The claims were based on the Sale of Goods Act 1893, specifically with references to sections 13, 14(1) and 14(2). Section 13 requires that goods sold match the description of any contract of sale. Section 14(1) and 14(2) concern the quality of the goods and the degree to which the buyer purchases the expertise of the seller in determining that quality.

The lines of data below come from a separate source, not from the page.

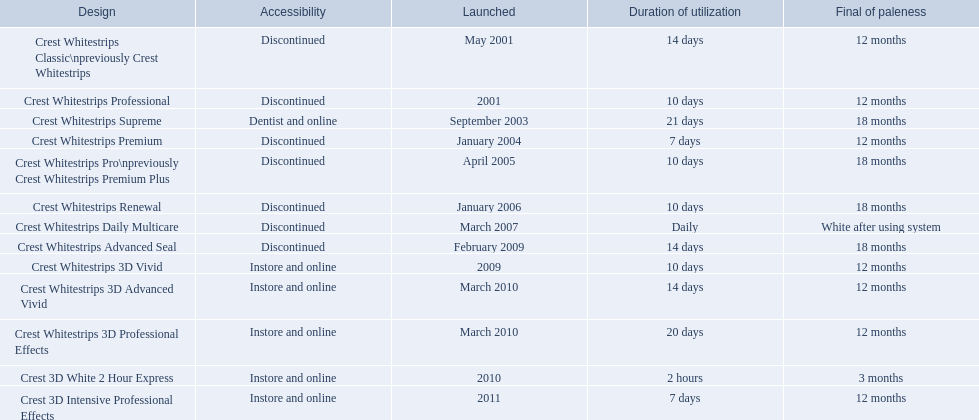What are all of the model names? Crest Whitestrips Classic\npreviously Crest Whitestrips, Crest Whitestrips Professional, Crest Whitestrips Supreme, Crest Whitestrips Premium, Crest Whitestrips Pro\npreviously Crest Whitestrips Premium Plus, Crest Whitestrips Renewal, Crest Whitestrips Daily Multicare, Crest Whitestrips Advanced Seal, Crest Whitestrips 3D Vivid, Crest Whitestrips 3D Advanced Vivid, Crest Whitestrips 3D Professional Effects, Crest 3D White 2 Hour Express, Crest 3D Intensive Professional Effects. When were they first introduced? May 2001, 2001, September 2003, January 2004, April 2005, January 2006, March 2007, February 2009, 2009, March 2010, March 2010, 2010, 2011. Along with crest whitestrips 3d advanced vivid, which other model was introduced in march 2010? Crest Whitestrips 3D Professional Effects. 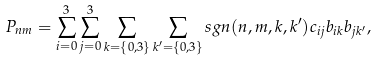<formula> <loc_0><loc_0><loc_500><loc_500>P _ { n m } = \sum _ { i = 0 } ^ { 3 } \sum _ { j = 0 } ^ { 3 } \sum _ { k = \{ 0 , 3 \} } \sum _ { k ^ { \prime } = \{ 0 , 3 \} } s g n ( n , m , k , k ^ { \prime } ) c _ { i j } b _ { i k } b _ { j k ^ { \prime } } ,</formula> 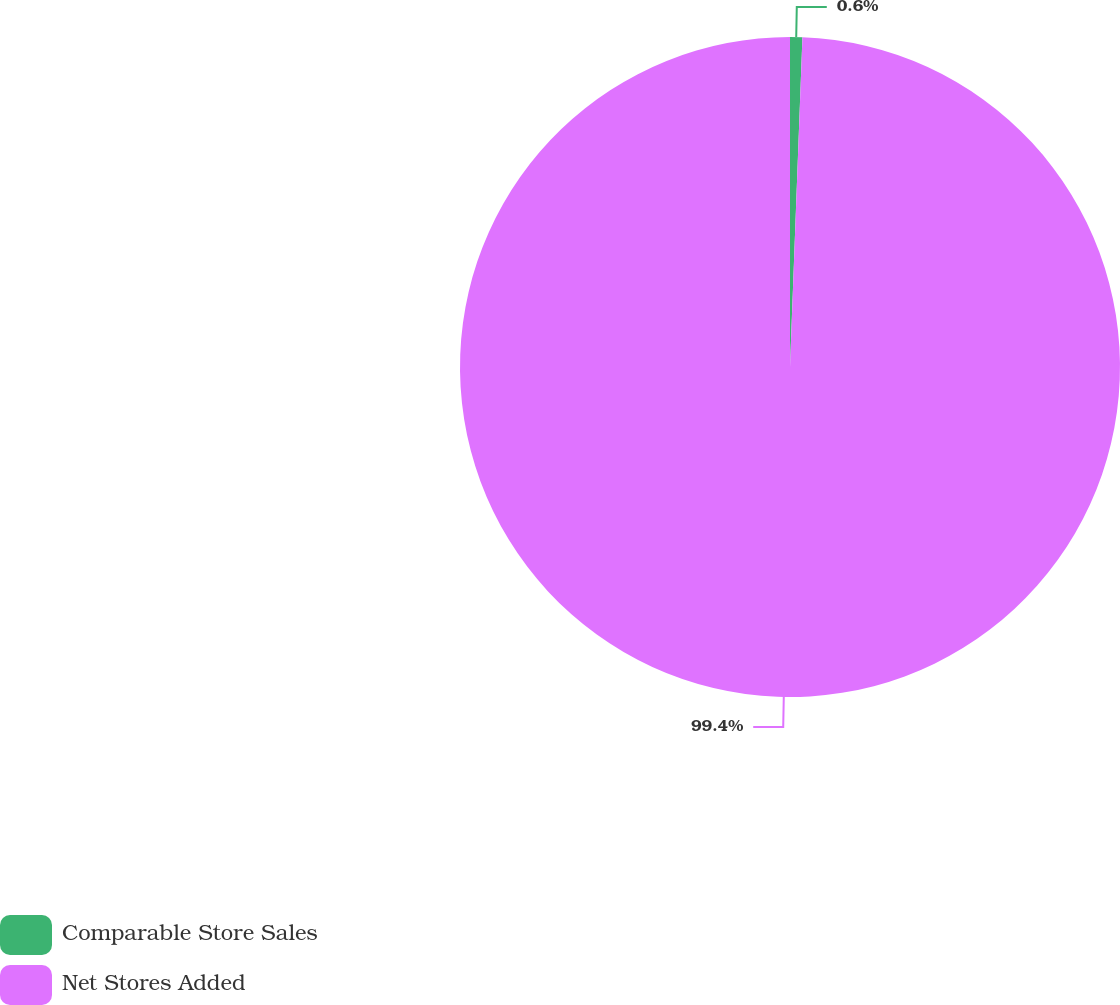Convert chart to OTSL. <chart><loc_0><loc_0><loc_500><loc_500><pie_chart><fcel>Comparable Store Sales<fcel>Net Stores Added<nl><fcel>0.6%<fcel>99.4%<nl></chart> 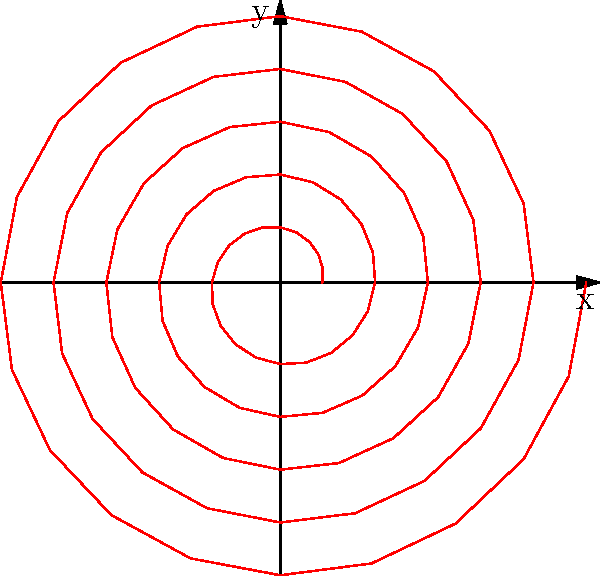In authenticating a suspected forgery of a spiral pattern artwork, you've plotted the spiral using polar coordinates. The equation of the spiral is given by $r = 0.1 + 0.02\theta$. What is the rate of change of the radius with respect to the angle $\theta$, and how might this information be useful in determining the authenticity of the artwork? To solve this problem, we'll follow these steps:

1) The general equation of the spiral is given as $r = 0.1 + 0.02\theta$

2) To find the rate of change of the radius with respect to $\theta$, we need to differentiate $r$ with respect to $\theta$:

   $$\frac{dr}{d\theta} = \frac{d}{d\theta}(0.1 + 0.02\theta) = 0.02$$

3) This constant value of 0.02 indicates that the radius increases by 0.02 units for every radian increase in $\theta$. 

4) In the context of art authentication:
   - This constant rate of change suggests a very regular and precise spiral pattern.
   - Authentic hand-drawn spirals might show slight variations in this rate.
   - A perfectly constant rate could indicate the use of mechanical tools or digital generation, which might be a sign of forgery, especially if the original artist was known for freehand work.
   - However, some artists might intentionally use precise tools or techniques to achieve this regularity.

5) To use this information in authentication:
   - Compare this rate to known authentic works by the same artist.
   - Look for minute variations that might indicate human involvement.
   - Consider the artist's known techniques and tools.
   - Analyze how this regularity fits with the artist's style and the time period of the supposed creation.
Answer: 0.02 units/radian; constant rate suggests precision, potentially indicating mechanical creation or intentional technique, to be compared with artist's known style and authentic works. 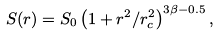<formula> <loc_0><loc_0><loc_500><loc_500>S ( r ) = S _ { 0 } \left ( 1 + r ^ { 2 } / r _ { c } ^ { 2 } \right ) ^ { 3 \beta - 0 . 5 } ,</formula> 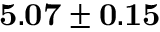<formula> <loc_0><loc_0><loc_500><loc_500>{ 5 . 0 7 \pm 0 . 1 5 }</formula> 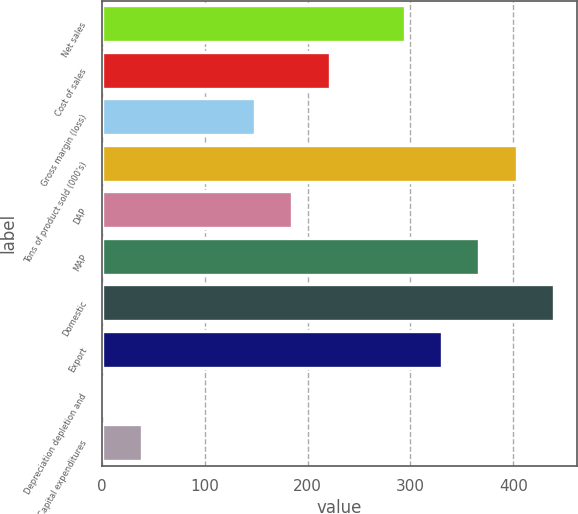<chart> <loc_0><loc_0><loc_500><loc_500><bar_chart><fcel>Net sales<fcel>Cost of sales<fcel>Gross margin (loss)<fcel>Tons of product sold (000's)<fcel>DAP<fcel>MAP<fcel>Domestic<fcel>Export<fcel>Depreciation depletion and<fcel>Capital expenditures<nl><fcel>294.22<fcel>221.44<fcel>148.66<fcel>403.39<fcel>185.05<fcel>367<fcel>439.78<fcel>330.61<fcel>3.1<fcel>39.49<nl></chart>

In 1968, the trial court found for Ashington Piggeries against Christopher Hill and for Christopher Hill against Norsildmel. The Court of Appeal in 1969 reversed the decision, and the matter was subsequently brought before the House of Lords in 1971.

==Judgment==
The House of Lords dismissed the section 13 concerns because the DMNA was a defect in the herring meal, and not a different ingredient. The problem, they found, was in the quality or condition of the ingredient, and not in its correct identification. The House of Lords also considered section 14(1), by which a buyer relying on the judgment or skill of a seller to provide goods for a particular purpose enters into an implicit contract that the goods are suitable for the purpose. In this case, the House affirmed that Ashington Piggeries was relying on its expertise in determining what ingredients were appropriate, but relying on Christopher Hill to obtain suitable quality ingredients to complete the recipe. Since the potential toxicity of DMNA to all animals was known and since partial reliance on a seller’s skill and judgment qualified under 14(1), the defendant—who knew the purpose of the meal in animal feed—was responsible to provide quality ingredients that were not toxic to animals.

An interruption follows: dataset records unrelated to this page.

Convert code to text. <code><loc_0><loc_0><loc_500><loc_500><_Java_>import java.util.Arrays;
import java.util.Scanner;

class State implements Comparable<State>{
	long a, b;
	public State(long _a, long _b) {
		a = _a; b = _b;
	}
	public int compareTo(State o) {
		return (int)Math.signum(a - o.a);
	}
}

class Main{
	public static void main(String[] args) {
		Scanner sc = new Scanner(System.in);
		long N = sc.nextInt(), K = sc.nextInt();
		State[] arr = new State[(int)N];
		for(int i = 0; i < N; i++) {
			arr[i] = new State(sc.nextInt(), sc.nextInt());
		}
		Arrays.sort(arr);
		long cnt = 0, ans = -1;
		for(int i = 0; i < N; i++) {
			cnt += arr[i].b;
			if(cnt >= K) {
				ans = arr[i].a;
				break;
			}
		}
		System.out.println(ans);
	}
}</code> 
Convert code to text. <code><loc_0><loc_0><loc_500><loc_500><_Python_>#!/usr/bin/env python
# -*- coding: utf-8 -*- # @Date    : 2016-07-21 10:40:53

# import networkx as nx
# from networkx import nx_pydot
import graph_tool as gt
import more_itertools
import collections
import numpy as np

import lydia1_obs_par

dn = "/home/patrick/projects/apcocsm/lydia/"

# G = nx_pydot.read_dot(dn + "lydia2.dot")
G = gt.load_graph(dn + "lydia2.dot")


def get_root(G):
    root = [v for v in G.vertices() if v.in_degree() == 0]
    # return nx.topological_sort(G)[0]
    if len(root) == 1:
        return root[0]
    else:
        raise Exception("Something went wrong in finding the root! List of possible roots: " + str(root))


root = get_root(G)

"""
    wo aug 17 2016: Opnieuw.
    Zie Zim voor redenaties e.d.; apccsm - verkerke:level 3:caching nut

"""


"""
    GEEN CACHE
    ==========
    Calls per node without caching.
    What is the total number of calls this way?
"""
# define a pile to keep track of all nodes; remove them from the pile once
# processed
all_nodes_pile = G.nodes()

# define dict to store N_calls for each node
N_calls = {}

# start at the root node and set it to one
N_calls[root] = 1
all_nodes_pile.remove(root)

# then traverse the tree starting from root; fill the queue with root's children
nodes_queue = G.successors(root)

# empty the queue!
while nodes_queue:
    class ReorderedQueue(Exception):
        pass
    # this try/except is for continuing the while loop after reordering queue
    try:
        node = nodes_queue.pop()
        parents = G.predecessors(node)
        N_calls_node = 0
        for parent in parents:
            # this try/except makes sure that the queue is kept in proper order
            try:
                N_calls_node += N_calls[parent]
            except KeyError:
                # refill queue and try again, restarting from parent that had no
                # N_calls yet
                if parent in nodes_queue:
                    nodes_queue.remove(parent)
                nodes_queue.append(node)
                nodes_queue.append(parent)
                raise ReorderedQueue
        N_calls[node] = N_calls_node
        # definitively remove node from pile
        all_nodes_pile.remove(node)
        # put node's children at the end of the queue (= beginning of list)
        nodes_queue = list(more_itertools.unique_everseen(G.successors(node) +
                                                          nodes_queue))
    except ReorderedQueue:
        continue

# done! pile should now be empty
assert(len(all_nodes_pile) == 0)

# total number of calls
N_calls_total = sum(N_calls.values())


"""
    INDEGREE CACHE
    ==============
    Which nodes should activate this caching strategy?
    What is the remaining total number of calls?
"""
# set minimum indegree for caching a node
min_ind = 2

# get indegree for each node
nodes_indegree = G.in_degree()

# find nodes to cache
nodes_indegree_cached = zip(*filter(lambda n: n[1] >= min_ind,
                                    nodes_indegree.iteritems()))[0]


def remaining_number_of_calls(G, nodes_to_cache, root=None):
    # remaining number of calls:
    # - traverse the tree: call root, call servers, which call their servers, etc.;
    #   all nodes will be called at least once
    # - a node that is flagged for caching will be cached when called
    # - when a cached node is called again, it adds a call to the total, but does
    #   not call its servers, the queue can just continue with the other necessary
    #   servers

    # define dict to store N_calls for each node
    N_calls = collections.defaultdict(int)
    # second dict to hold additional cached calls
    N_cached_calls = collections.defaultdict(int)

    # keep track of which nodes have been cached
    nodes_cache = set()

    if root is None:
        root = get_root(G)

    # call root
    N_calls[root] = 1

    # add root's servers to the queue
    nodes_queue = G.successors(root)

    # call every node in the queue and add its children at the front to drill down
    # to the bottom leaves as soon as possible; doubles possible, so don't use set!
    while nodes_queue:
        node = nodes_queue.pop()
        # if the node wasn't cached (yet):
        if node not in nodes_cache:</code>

In regards to the defendants' suit against Norsildmel, the Court of Appeal had found that the words "fair average quality of the season" were not part of the identification of the ingredient but instead a warranty as to quality. They found, too, that Norsildmel had not been retained with reliance on their judgment or skill in assessing meals for feed purposes. While Christopher Hill, Inc., would have been within its rights to reject the faulty goods, they were not able to recover compensation because the accepted goods provided were defective. The House of Lords affirmed the former but agreed with the trial court that Norsildmel had knowledge of the purpose of the meal and should have had knowledge of the potential toxicity of it for that purpose. While neither Christopher Hill nor Norsildmel were primarily in the business of feeding mink, the potential toxicity of the substance to animals in general was already known. Whether the agencies had dealt in Norwegian herring meals for the purpose of feeding mink in the past was immaterial.